# [WHAT YOU ARE ASKED TO DO]
Transcribe the full listing exactly, and drop every picture.

# [RECORDED INFORMATION]
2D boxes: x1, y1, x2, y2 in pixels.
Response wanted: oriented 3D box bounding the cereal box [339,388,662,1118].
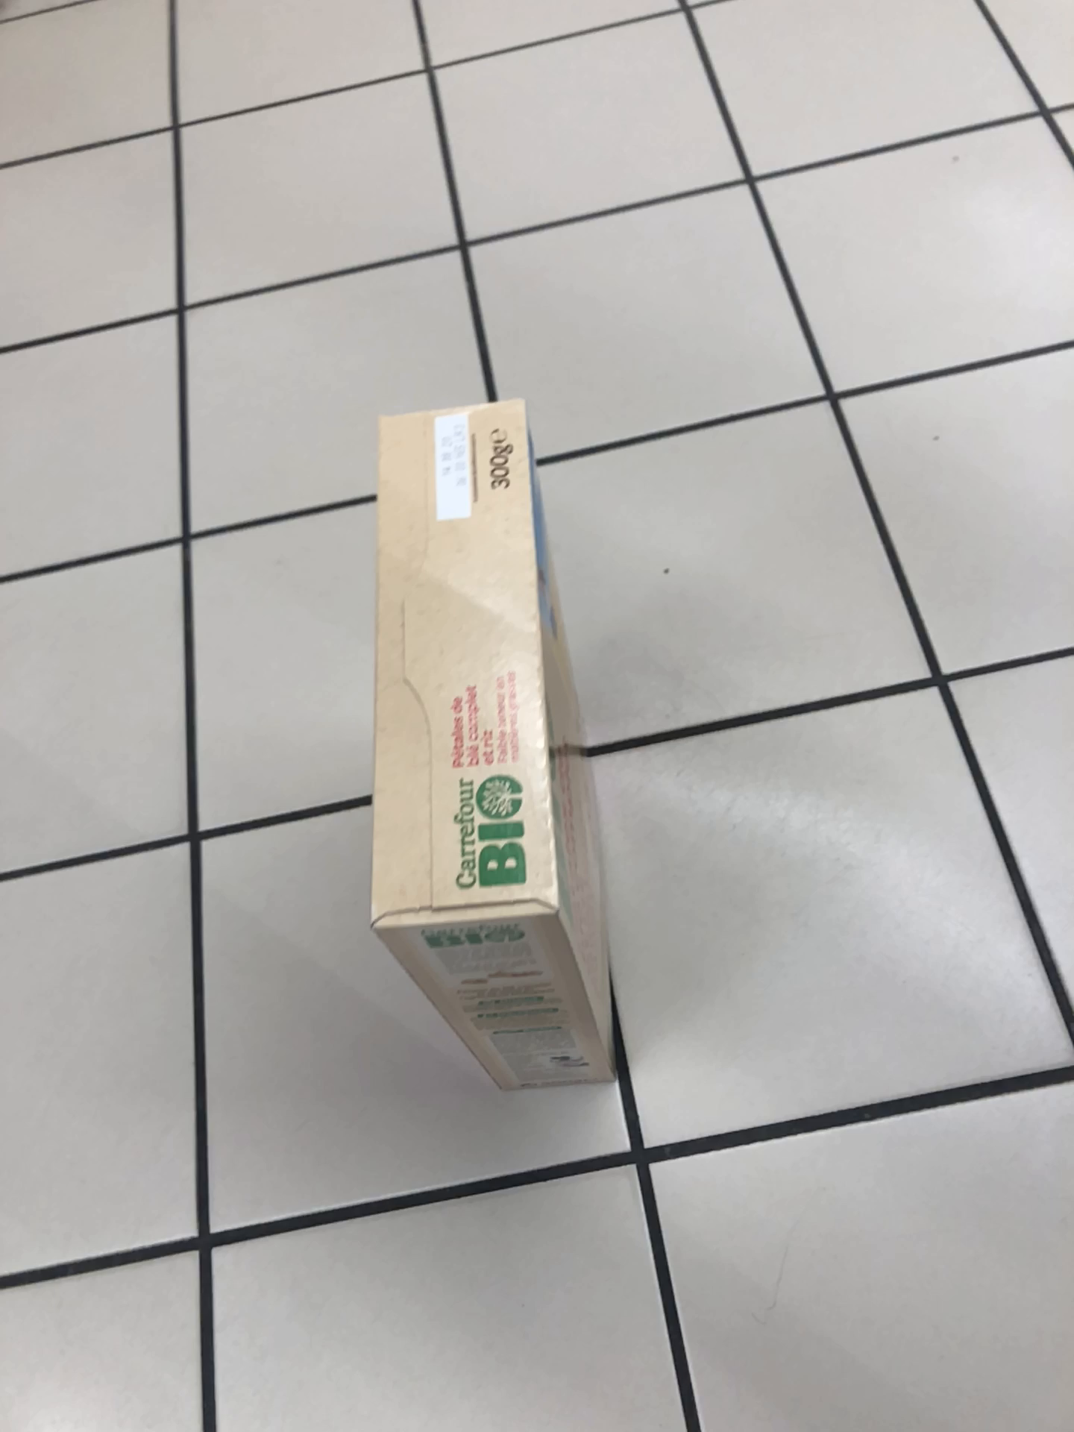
[{"bbox_3d":[-0.005,0.033,0.488,0.080,0.239,0.211,-6,62,6],"label":"cereal box"}]

# [SOLUTION TO THIS EXERCISE]
2D boxes: x1, y1, x2, y2 in pixels.
Response wanted: oriented 3D box bounding the cereal box [339,388,662,1118].
[{"bbox_3d":[-0.005,0.033,0.488,0.080,0.239,0.211,-6,62,6],"label":"cereal box"}]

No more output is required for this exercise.